In the metal-api, we have three different user roles for authorization:

  • Admin
  • Edit
  • View

How the user permissions are used is documented in the technical API docs.

If you decided to set up a dex server, you can parametrize the metal role for using the dex server by defining the variable metal_api_dex_address.

Info

We also have dedicated controllers for using the dex server for Kubernetes clusters when deploying metal-stack along with the Gardener in your environment. The approach is described in further detail in the section Gardener with metal-stack.

Bootstrapping a Partition

Partition Deployment

Gardener with metal-stack

If you want to deploy metal-stack as a cloud provider for Gardener, you should follow the regular Gardener installation instructions and setup a Gardener cluster first. You can find installation instructions in their docs. metal-stack is an out-of-tree provider and therefore you will not find example files for metal-stack resources in the Gardener repositories. The following list describes the resources and components that you need to deploy into the Gardener cluster in order to make Gardener work with metal-stack:

Warning

The following list assumes you have Gardener installed in a Kubernetes cluster and that you have a basic understanding of how Gardener works. If you need further help with the following steps, you can also come and ask in our Slack channel.

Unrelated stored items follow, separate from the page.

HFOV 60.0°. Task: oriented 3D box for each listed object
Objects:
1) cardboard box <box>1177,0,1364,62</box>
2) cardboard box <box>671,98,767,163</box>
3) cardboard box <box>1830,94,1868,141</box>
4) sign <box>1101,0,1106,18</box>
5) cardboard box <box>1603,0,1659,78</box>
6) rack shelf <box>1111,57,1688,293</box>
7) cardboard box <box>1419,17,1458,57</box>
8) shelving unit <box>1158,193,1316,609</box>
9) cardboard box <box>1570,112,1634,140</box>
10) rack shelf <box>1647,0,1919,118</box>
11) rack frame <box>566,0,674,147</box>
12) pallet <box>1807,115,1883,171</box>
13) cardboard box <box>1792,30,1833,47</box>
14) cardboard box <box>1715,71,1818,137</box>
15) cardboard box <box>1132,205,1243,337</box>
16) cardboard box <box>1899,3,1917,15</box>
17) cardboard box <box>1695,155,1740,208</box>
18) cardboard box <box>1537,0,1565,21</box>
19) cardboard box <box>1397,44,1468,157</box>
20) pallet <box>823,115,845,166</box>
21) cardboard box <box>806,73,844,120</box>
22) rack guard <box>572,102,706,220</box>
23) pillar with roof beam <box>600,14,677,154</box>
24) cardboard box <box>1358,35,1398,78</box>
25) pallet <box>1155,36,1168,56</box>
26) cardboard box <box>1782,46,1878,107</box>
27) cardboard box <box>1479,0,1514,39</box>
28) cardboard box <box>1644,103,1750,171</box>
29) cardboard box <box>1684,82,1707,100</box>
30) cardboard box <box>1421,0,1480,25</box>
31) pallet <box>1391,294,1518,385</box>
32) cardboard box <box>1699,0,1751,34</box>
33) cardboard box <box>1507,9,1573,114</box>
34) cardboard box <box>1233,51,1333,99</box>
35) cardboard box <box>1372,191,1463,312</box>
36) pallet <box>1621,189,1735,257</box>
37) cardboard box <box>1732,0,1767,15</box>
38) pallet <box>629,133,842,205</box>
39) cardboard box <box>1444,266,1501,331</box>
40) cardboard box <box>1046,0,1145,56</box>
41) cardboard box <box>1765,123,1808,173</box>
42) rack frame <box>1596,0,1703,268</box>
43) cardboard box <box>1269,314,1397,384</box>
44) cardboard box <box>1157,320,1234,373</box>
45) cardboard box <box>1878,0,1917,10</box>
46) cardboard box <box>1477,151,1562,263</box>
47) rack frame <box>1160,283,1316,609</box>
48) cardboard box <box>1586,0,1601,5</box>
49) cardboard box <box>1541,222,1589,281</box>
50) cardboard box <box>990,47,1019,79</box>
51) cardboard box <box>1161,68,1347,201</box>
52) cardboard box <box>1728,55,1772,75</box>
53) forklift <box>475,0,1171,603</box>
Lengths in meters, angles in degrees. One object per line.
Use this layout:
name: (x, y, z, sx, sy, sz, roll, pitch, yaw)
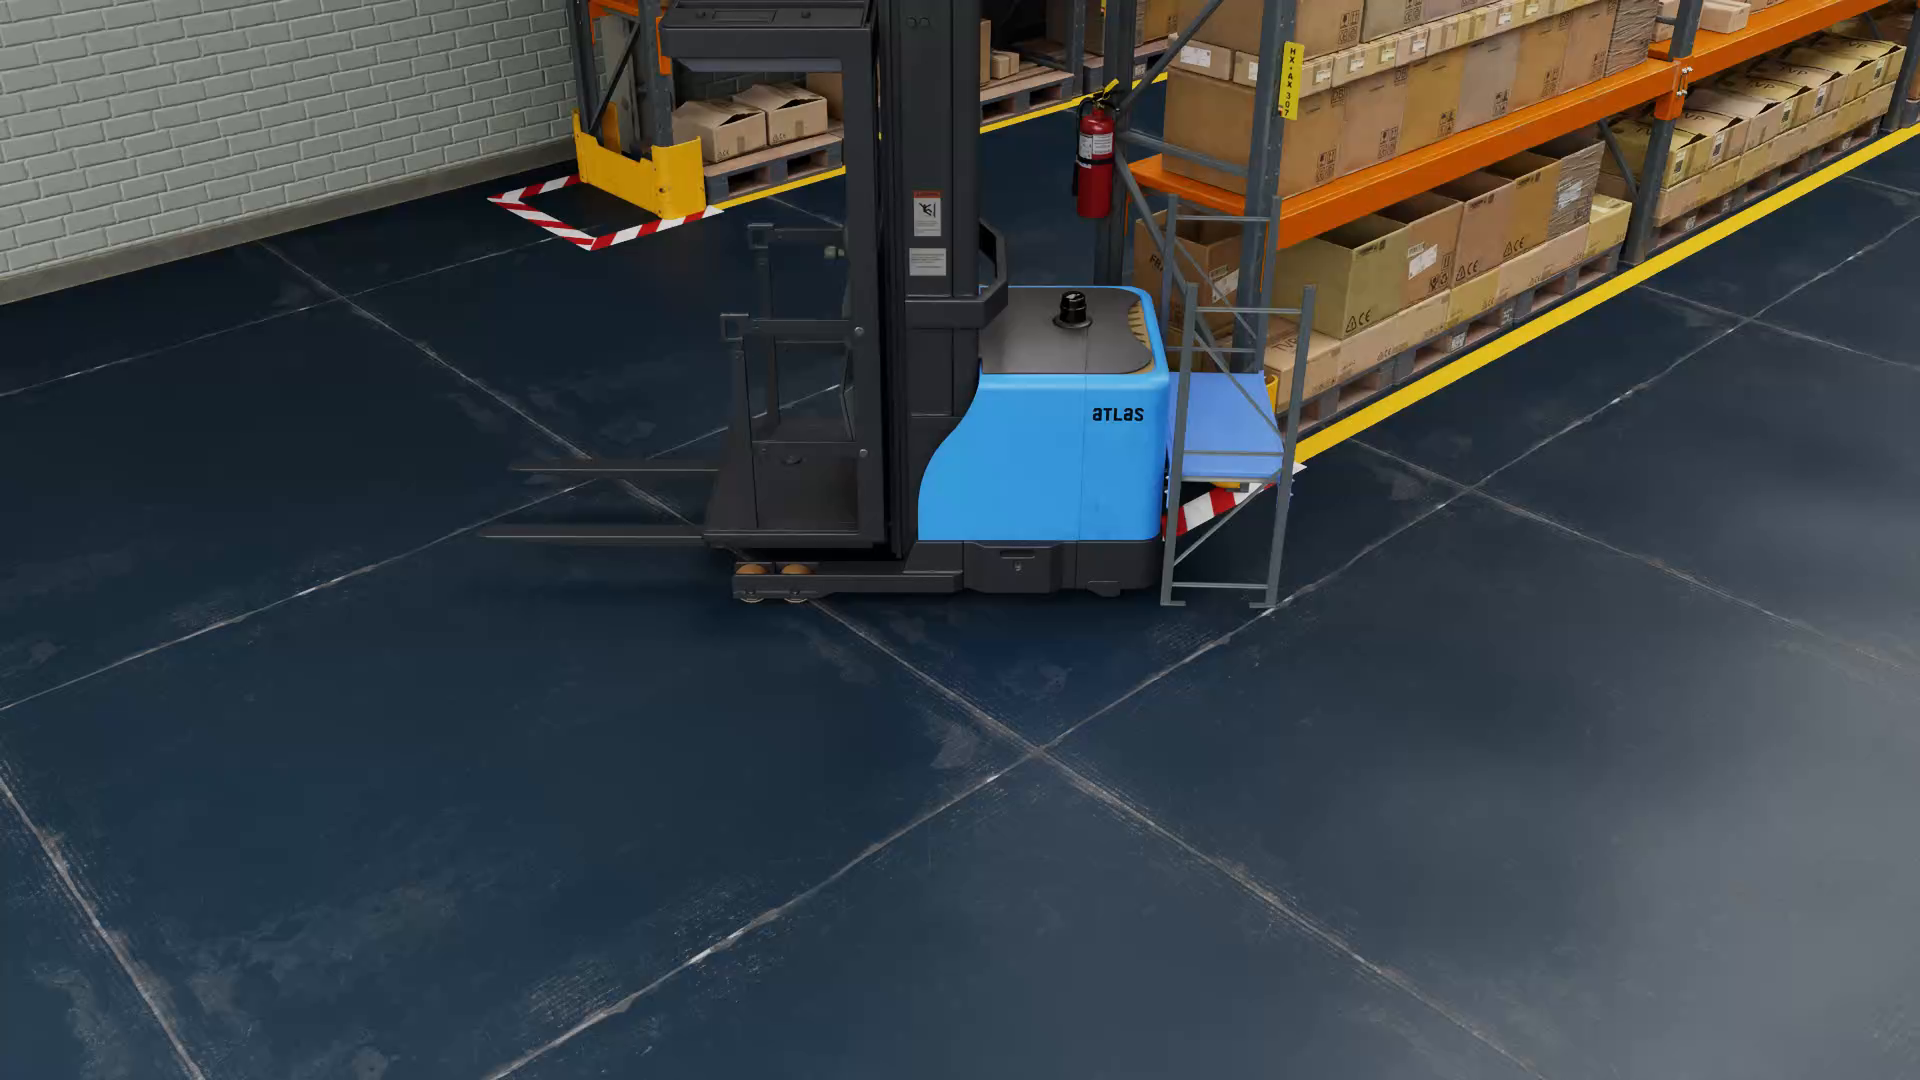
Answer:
cardboard box: (1.455, -2.584, 7.760, 0.500, 0.500, 0.700, -26, 40, -35)
cardboard box: (-1.737, -2.953, 11.860, 0.500, 0.311, 0.500, 24, 39, 34)
cardboard box: (6.336, -3.188, 12.321, 0.500, 0.250, 0.500, -26, 40, -36)
sign: (0.707, -2.615, 7.815, 0.005, 0.325, 0.100, -26, 40, -35)
cardboard box: (3.678, -3.110, 9.864, 0.500, 0.500, 0.700, -27, 41, -37)
rack shelf: (2.532, -2.210, 9.179, 4.000, 0.370, 1.077, -26, 40, -35)
cardboard box: (2.256, -2.551, 8.329, 0.250, 0.149, 0.380, -27, 41, -37)
shelving unit: (1.150, -0.620, 7.321, 0.538, 1.500, 1.048, 1, 31, 1)
cardboard box: (4.101, -2.725, 11.027, 0.500, 0.311, 0.500, -26, 40, -35)
rack shelf: (5.465, -3.629, 11.499, 4.000, 0.370, 1.077, -26, 40, -35)
rack frame: (-2.305, -3.702, 10.928, 0.127, 3.000, 1.000, -26, 40, -35)
pallet: (6.302, -3.179, 12.746, 1.213, 0.211, 1.003, -26, 40, -35)
cardboard box: (6.348, -3.817, 12.813, 0.500, 0.311, 0.500, -24, 39, -34)
cardboard box: (5.598, -3.069, 11.590, 0.500, 0.311, 0.500, -25, 39, -34)
cardboard box: (1.257, -1.438, 8.741, 0.500, 0.500, 0.500, -26, 40, -35)
cardboard box: (7.840, -4.007, 13.402, 0.500, 0.500, 0.500, -27, 41, -37)
cardboard box: (4.839, -2.462, 11.134, 0.500, 0.250, 0.500, -25, 39, -34)
cardboard box: (3.013, -2.918, 8.929, 0.250, 0.149, 0.380, -25, 39, -34)
cardboard box: (2.166, -2.373, 8.660, 0.500, 0.500, 0.700, -26, 40, -35)
pallet: (-0.735, -3.244, 12.853, 1.213, 0.211, 1.003, -26, 40, -35)
cardboard box: (-0.747, -3.477, 12.535, 0.700, 0.500, 0.500, 26, 40, 36)
rack guard: (-2.250, -2.662, 11.624, 0.348, 0.500, 1.175, -26, 40, -35)
pillar with roof beam: (0.547, -5.193, 7.617, 0.400, 9.000, 9.100, -26, 40, -35)
cardboard box: (1.875, -2.367, 8.028, 0.250, 0.149, 0.380, -26, 40, -35)
pallet: (2.093, -4.642, 15.140, 1.213, 0.211, 1.003, -26, 40, -35)
cardboard box: (6.339, -3.424, 12.170, 0.500, 0.311, 0.500, -27, 40, -36)
cardboard box: (2.627, -2.729, 8.620, 0.250, 0.149, 0.380, -25, 40, -35)
cardboard box: (4.842, -2.699, 10.984, 0.500, 0.311, 0.500, -26, 40, -36)
cardboard box: (4.846, -3.088, 11.621, 0.500, 0.311, 0.500, -26, 40, -36)
cardboard box: (2.206, -2.951, 8.362, 0.500, 0.500, 0.700, -26, 40, -35)
pallet: (2.492, -1.336, 9.733, 1.213, 0.211, 1.003, -26, 40, -35)
cardboard box: (4.787, -3.356, 10.603, 0.250, 0.149, 0.380, -26, 40, -35)
cardboard box: (2.925, -2.744, 9.266, 0.500, 0.500, 0.700, -25, 39, -35)
cardboard box: (1.500, -2.184, 7.729, 0.250, 0.149, 0.380, -26, 40, -36)
cardboard box: (2.333, -1.599, 9.005, 0.500, 0.500, 0.500, -26, 40, -35)
pallet: (4.512, -2.313, 11.331, 1.213, 0.211, 1.003, -26, 40, -35)
cardboard box: (4.959, -3.722, 10.866, 0.500, 0.500, 0.500, -23, 38, -32)
pallet: (-1.630, -2.814, 12.149, 1.213, 0.211, 1.003, -26, 40, -35)
cardboard box: (2.711, -1.451, 9.480, 0.500, 0.250, 0.500, -26, 40, -35)
cardboard box: (1.156, -4.509, 14.223, 0.500, 0.500, 0.700, -24, 39, -34)
cardboard box: (5.590, -2.827, 11.731, 0.500, 0.250, 0.500, -25, 39, -35)
rack frame: (3.999, -3.227, 10.152, 0.127, 3.000, 1.000, -26, 40, -35)
cardboard box: (1.974, -1.098, 8.903, 0.500, 0.250, 0.500, -26, 40, -35)
cardboard box: (1.258, -1.117, 8.935, 0.500, 0.250, 0.500, -26, 40, -35)
cardboard box: (7.496, -4.530, 13.538, 0.500, 0.250, 0.500, -24, 39, -34)
cardboard box: (3.069, -1.953, 9.583, 0.500, 0.500, 0.500, -26, 40, -35)
rack frame: (1.133, -0.355, 6.888, 0.500, 1.500, 0.032, 1, 31, 1)
cardboard box: (3.380, -3.093, 9.216, 0.250, 0.149, 0.380, -26, 40, -36)
cardboard box: (3.434, -1.811, 10.070, 0.500, 0.250, 0.500, -26, 40, -35)
cardboard box: (0.256, -3.898, 13.544, 0.380, 0.166, 0.250, 23, 38, 33)
cardboard box: (1.417, -2.011, 8.068, 0.500, 0.500, 0.700, -26, 40, -35)
cardboard box: (5.593, -3.448, 12.209, 0.500, 0.311, 0.500, -27, 41, -37)
forklift: (-0.631, -1.252, 6.987, 3.031, 2.935, 1.130, 0, 31, 0)

  1. Deploy the validator from the gardener-extension-provider-metal repository to your cluster via Helm
  2. Add a cloud profile called metal containing all your machine images, machine types and regions (region names can be chosen freely, the zone names need to match your partition names) together with our metal-stack-specific provider config as defined here
  3. Register the gardener-extension-provider-metal controller by deploying the controller-registration into your Gardener cluster, parametrize the embedded chart in the controller registration's values section if necessary (this is the corresponding values file)
  4. metal-stack does not provide an own backup storage infrastructure for now. If you want to enable ETCD backups (which you should do because metal-stack also does not have persistent storage out of the box, which makes these backups even more valuable), you should deploy an extension-provider of another cloud provider and configure it to only reconcile the backup buckets (you can reference this backup infrastructure used for the metal shoot in the shoot spec)
  5. Register the os-extension-provider-metal controller by deploying the controller-registration into your Gardener cluster, this controller can transform the operating system configuration from Gardener into Ingition user data
  6. You need to use the Gardener's networking-calico controller for setting up shoot CNI, you will have to put specific provider configuration into the shoot spec to make it work with metal-stack:
         networking:
           type: calico
           # we can peer with the frr within 10.244.0.0/16, which we do with the metallb
           # the networks for the shoot need to be disjunct with the networks of the seed, otherwise the VPN connection will not work properly
           # the seeds are typically deployed with podCIDR 10.244.128.0/18 and serviceCIDR 10.244.192.0/18
           # the shoots are typically deployed with podCIDR 10.244.0.0/18 and serviceCIDR 10.244.64.0/18
           pods: 10.244.0.0/18
           services: 10.244.64.0/18
           providerConfig:
             apiVersion: calico.networking.extensions.gardener.cloud/v1alpha1
             kind: NetworkConfig
             backend: vxlan
             ipv4:
               pool: vxlan
               mode: Always
               autoDetectionMethod: interface=lo
             typha:
               enabled: false
  7. For your seed cluster you will need to provide the provider secret for metal-stack containing the key metalAPIHMac, which is the API HMAC to grant editor access to the metal-api
  8. Checkout our current provider configuration for infratructure and control-plane before deploying your shoot
Tip

We are officially supported by Gardener dashboard. The dashboard can also help you setting up some of the resources mentioned above.